* _Instructions for the task_:
Skip the pictures and return every entry exactly as written.

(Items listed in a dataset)

######

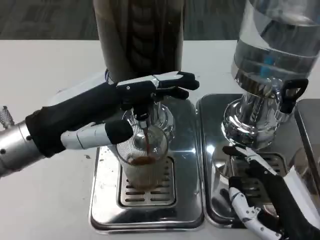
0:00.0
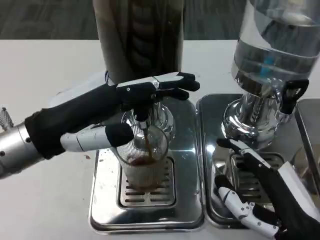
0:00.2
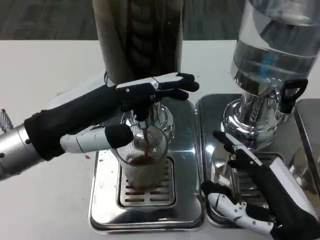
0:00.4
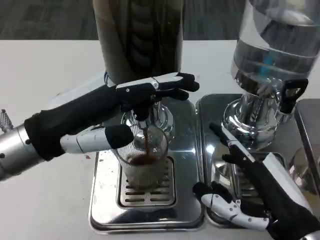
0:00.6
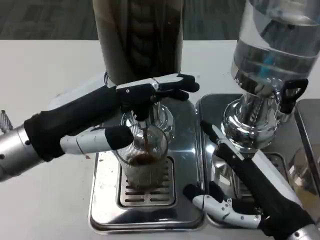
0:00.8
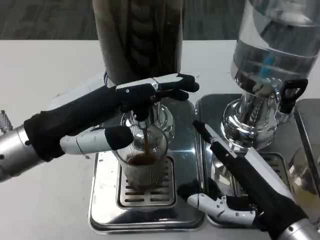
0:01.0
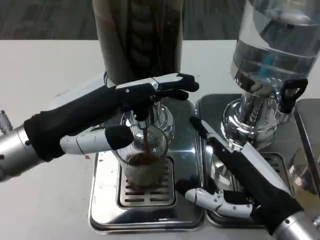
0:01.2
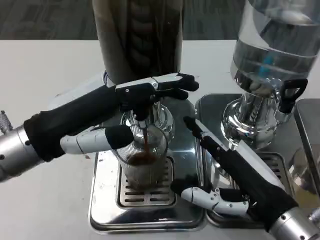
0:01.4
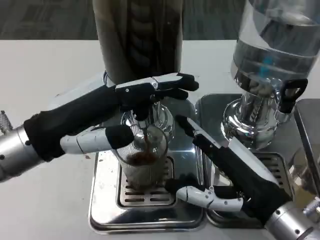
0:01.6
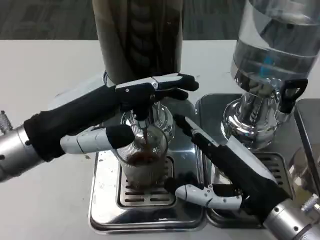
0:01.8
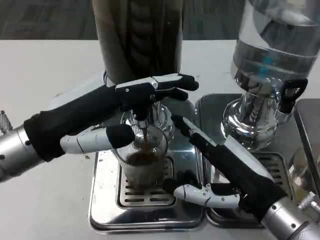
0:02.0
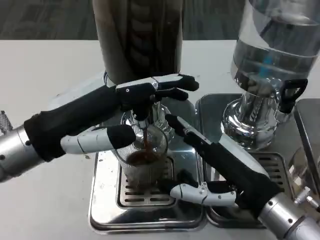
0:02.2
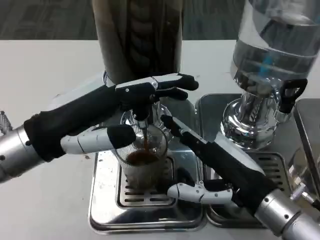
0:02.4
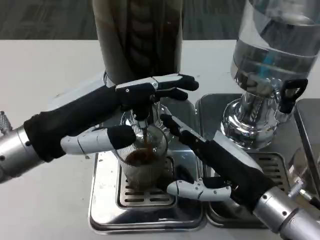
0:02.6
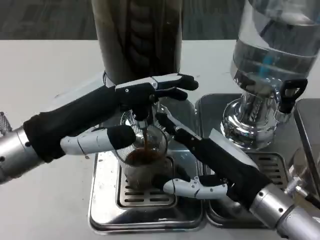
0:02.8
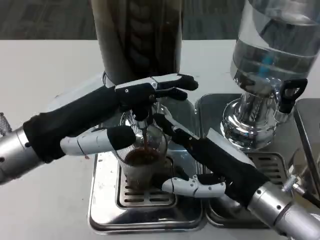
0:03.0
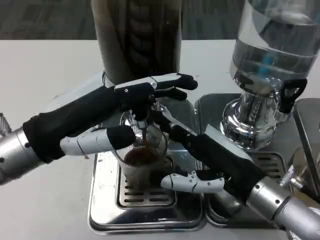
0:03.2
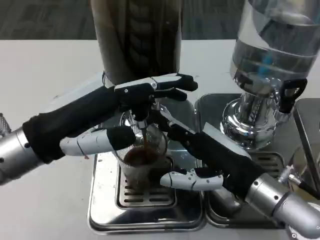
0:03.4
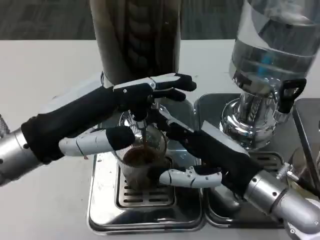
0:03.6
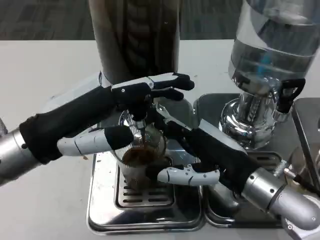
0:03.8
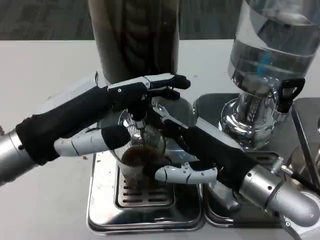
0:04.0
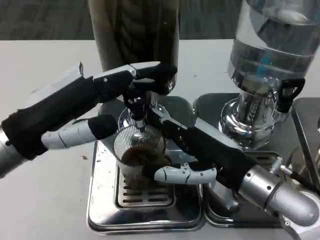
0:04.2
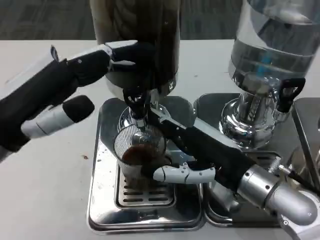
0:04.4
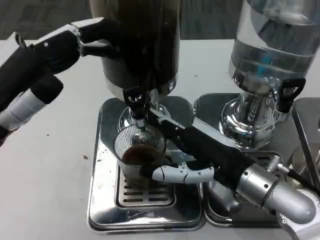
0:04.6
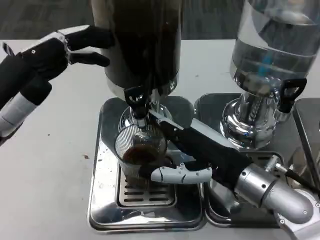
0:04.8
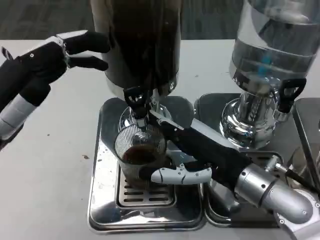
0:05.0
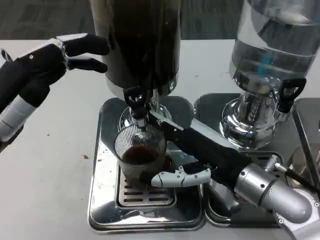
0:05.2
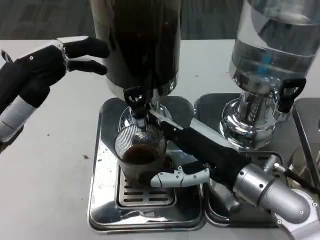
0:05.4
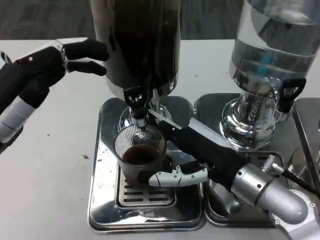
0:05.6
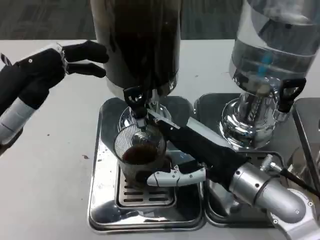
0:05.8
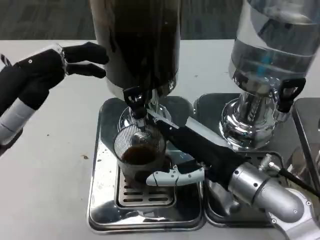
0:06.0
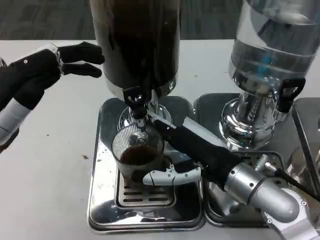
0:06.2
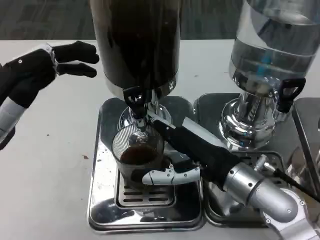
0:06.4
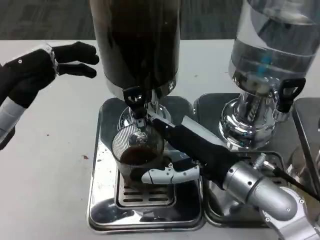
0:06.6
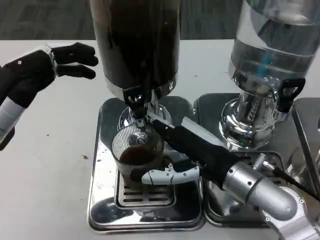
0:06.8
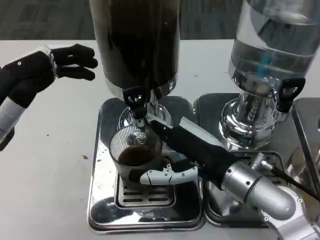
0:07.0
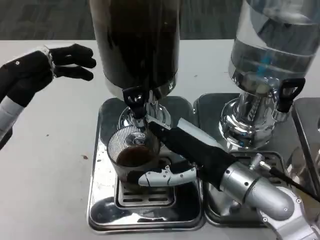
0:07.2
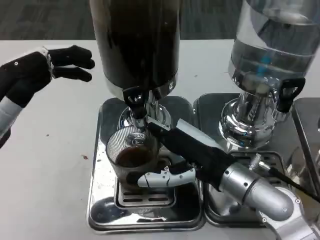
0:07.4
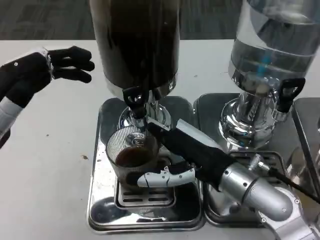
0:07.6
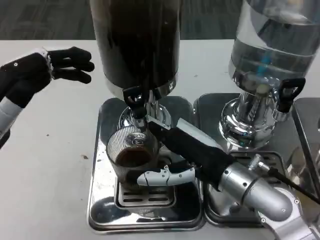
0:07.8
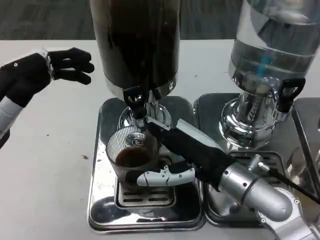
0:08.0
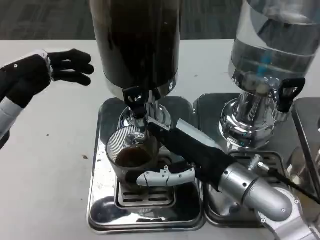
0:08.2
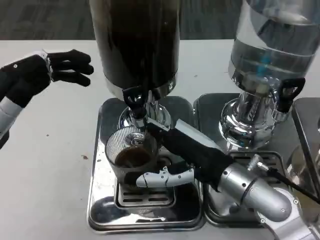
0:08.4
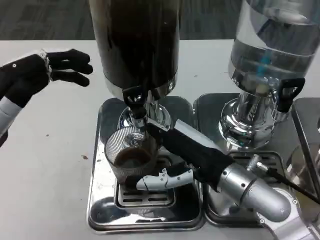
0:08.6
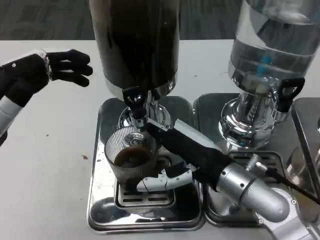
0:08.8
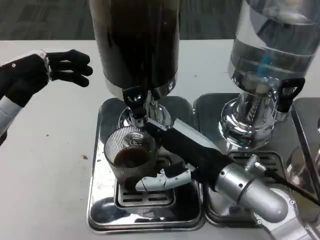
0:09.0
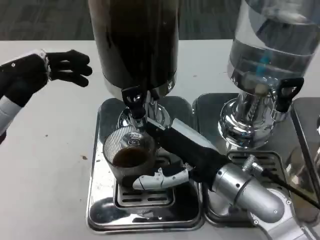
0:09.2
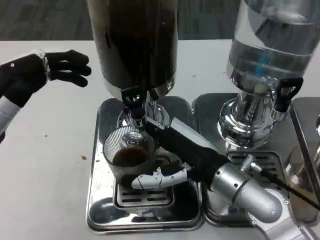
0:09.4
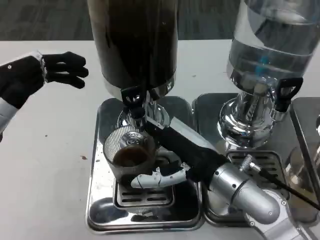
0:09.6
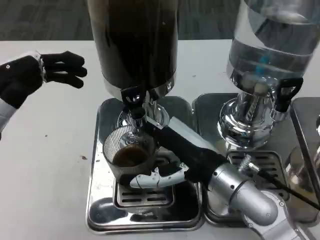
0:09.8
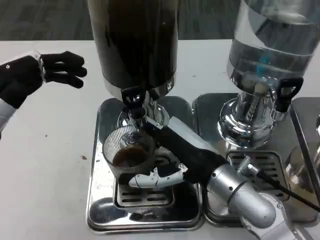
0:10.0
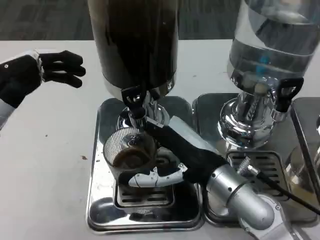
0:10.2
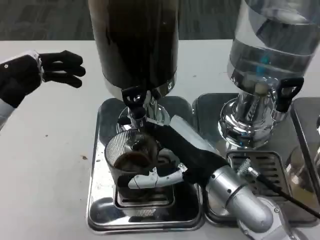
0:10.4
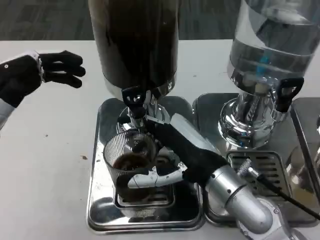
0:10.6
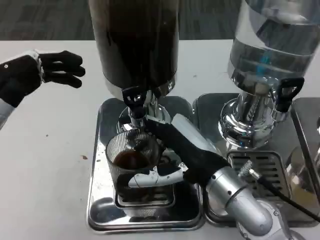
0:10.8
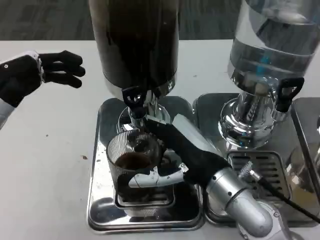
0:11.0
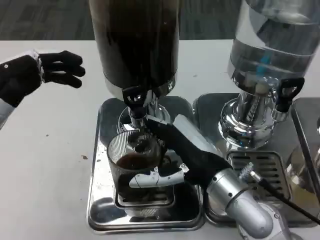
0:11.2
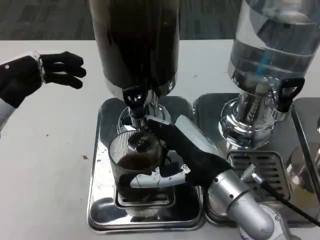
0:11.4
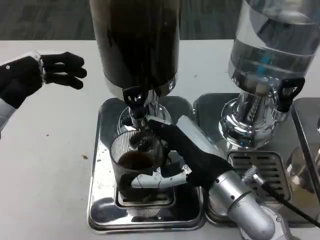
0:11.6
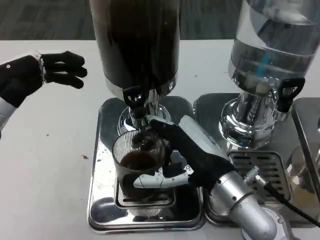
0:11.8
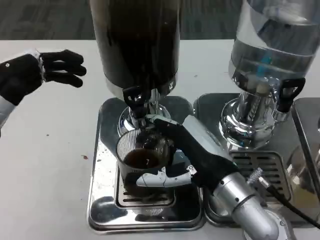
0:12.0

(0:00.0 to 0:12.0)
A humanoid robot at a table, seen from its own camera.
Task of the whole recording: Grasp the cup under the faucet to collect the drink, then remove the cup.
0:00.0 - 0:01.6: The right hand travels forward by about 5 cm.
0:01.6 - 0:03.0: The hands stay close to where they were, moving slightly.
0:04.4 - 0:06.0: The hands stay close to where they were, moving slightly.
0:06.0 - 0:07.6: Both hands stay about where they are.
0:07.6 - 0:09.0: The two hands keep their place.
0:09.0 - 0:12.0: The hands stay close to where they were, moving slightly.

######

* _Response to this exercise_:
0:00.0
0:00.2
0:00.4
0:00.6
0:00.8
0:01.0
0:01.2
0:01.4
0:01.6
0:01.8
0:02.0
0:02.2
0:02.4
0:02.6
0:02.8
0:03.0
0:03.2
0:03.4
0:03.6
0:03.8
0:04.0
0:04.2
0:04.4
0:04.6
0:04.8
0:05.0
0:05.2
0:05.4
0:05.6
0:05.8
0:06.0
0:06.2
0:06.4
0:06.6
0:06.8
0:07.0
0:07.2
0:07.4
0:07.6
0:07.8
0:08.0
0:08.2
0:08.4
0:08.6
0:08.8
0:09.0
0:09.2
0:09.4
0:09.6
0:09.8
0:10.0
0:10.2
0:10.4
0:10.6
0:10.8
0:11.0
0:11.2
0:11.4
0:11.6
0:11.8
0:12.0

(0:00.0 to 0:12.0)
A humanoid robot at a table, seen from its own camera.
Task of the whole recording: Grasp the cup under the faucet to collect the drink, then remove the cup.
0:00.0 - 0:01.6: The right hand travels forward by about 5 cm.
0:01.6 - 0:03.0: The hands stay close to where they were, moving slightly.
0:04.4 - 0:06.0: The hands stay close to where they were, moving slightly.
0:06.0 - 0:07.6: Both hands stay about where they are.
0:07.6 - 0:09.0: The two hands keep their place.
0:09.0 - 0:12.0: The hands stay close to where they were, moving slightly.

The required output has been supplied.